Hearing the concerns and struggles of at least a material subset of chapters in 2013, the following year the FPA hired an outside consultant to assess the chapter system, and not surprisingly found that there was substantial inconsistency from one chapter to the next. This, in turn, led the FPA to begin its “OneFPA” initiative, with a goal of better integrating the disparate chapters into a more single unified experience for members (and a more efficient and cost-effective system for operating). A series of 7 task forces with 50 national and chapter leaders (known as the “OneFPA Advisory Group”) was formed in 2015 to develop potential initiatives, which the FPA National Board approved in 2017, began to “beta test” in 2018, and is now rolling out in earnest through 2019 and 2020 as the “OneFPA Network.”

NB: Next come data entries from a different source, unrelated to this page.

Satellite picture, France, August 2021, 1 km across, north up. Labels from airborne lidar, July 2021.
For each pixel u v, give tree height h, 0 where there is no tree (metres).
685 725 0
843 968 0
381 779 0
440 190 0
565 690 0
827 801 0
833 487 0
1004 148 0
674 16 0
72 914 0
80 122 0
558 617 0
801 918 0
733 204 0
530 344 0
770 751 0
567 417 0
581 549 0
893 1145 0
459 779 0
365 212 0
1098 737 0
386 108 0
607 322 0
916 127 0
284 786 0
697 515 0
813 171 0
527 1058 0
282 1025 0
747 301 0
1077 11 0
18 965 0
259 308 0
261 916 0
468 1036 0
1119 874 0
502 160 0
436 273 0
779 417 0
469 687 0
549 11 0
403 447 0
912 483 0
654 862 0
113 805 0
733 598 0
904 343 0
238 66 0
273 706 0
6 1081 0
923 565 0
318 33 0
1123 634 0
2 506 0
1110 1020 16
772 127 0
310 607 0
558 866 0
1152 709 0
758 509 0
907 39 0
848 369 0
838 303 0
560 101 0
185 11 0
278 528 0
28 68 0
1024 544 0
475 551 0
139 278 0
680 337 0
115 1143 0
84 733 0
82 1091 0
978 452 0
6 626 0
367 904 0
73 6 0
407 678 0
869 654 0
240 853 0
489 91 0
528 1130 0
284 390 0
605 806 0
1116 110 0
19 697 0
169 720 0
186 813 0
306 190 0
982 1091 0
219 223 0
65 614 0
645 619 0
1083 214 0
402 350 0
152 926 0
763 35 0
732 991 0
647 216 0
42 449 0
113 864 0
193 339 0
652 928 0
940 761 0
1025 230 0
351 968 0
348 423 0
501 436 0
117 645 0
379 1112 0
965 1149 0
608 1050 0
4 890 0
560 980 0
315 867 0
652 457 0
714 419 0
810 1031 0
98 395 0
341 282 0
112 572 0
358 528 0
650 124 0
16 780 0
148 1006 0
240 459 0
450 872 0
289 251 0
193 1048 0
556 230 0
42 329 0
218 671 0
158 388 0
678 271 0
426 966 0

What Is The OneFPA Network?
At its core, the OneFPA Network is a shift away from a series of what are now 86 independent FPA chapters (along with 2 FPA state councils entities in Florida and California) alongside a National entity, into a single consolidated National entity to be known as “FPA Headquarters” or simply FPA HQ.
By centralizing the chapter system itself, the chapters can eliminate the redundancies of 88 separate sets of books, 88 filings of Form 990, and 88 different implementations of (often-similar-but-not-the-same) core technology to operate the chapter, effectively consolidating and simplifying much of the administrative burden of running the current chapter system. And in the process, freeing up more time from FPA’s chapter volunteers to actually focus on the mission and “Primary Aim” of the organization: “to elevate the profession that transforms lives through the power of financial planning.”
Of course, centralizing the implementation and execution of so much of the FPA’s chapter system involves a potential shift in power and decision-making from the chapters to the national organization. Accordingly, the FPA has paired together its vision of “Centralized Functionality” with one of “Participatory Governance,” driven primarily by a new “OneFPA Council” committee to be comprised of chapter leaders and other community leaders (e.g., NexGen) that will participate in the decision-making process with FPA HQ through its involvement in a series of subcommittees.
At a high level, FPA’s stated goal is to leverage the power of “integration” (of various systems) and “alignment” between FPA HQ and its chapters into a single unified FPA voice, on everything from its lobbying efforts with regulators and legislators to its bargaining power with sponsors and vendors to its delivery of a local chapter experience to members (regardless of where the members are).
More specifically, the FPA envisions 7 core components of its new OneFPA Network:
- Create a system and structure that truly lives the intent of OneFPA, which is to create an extraordinary and seamless member experience.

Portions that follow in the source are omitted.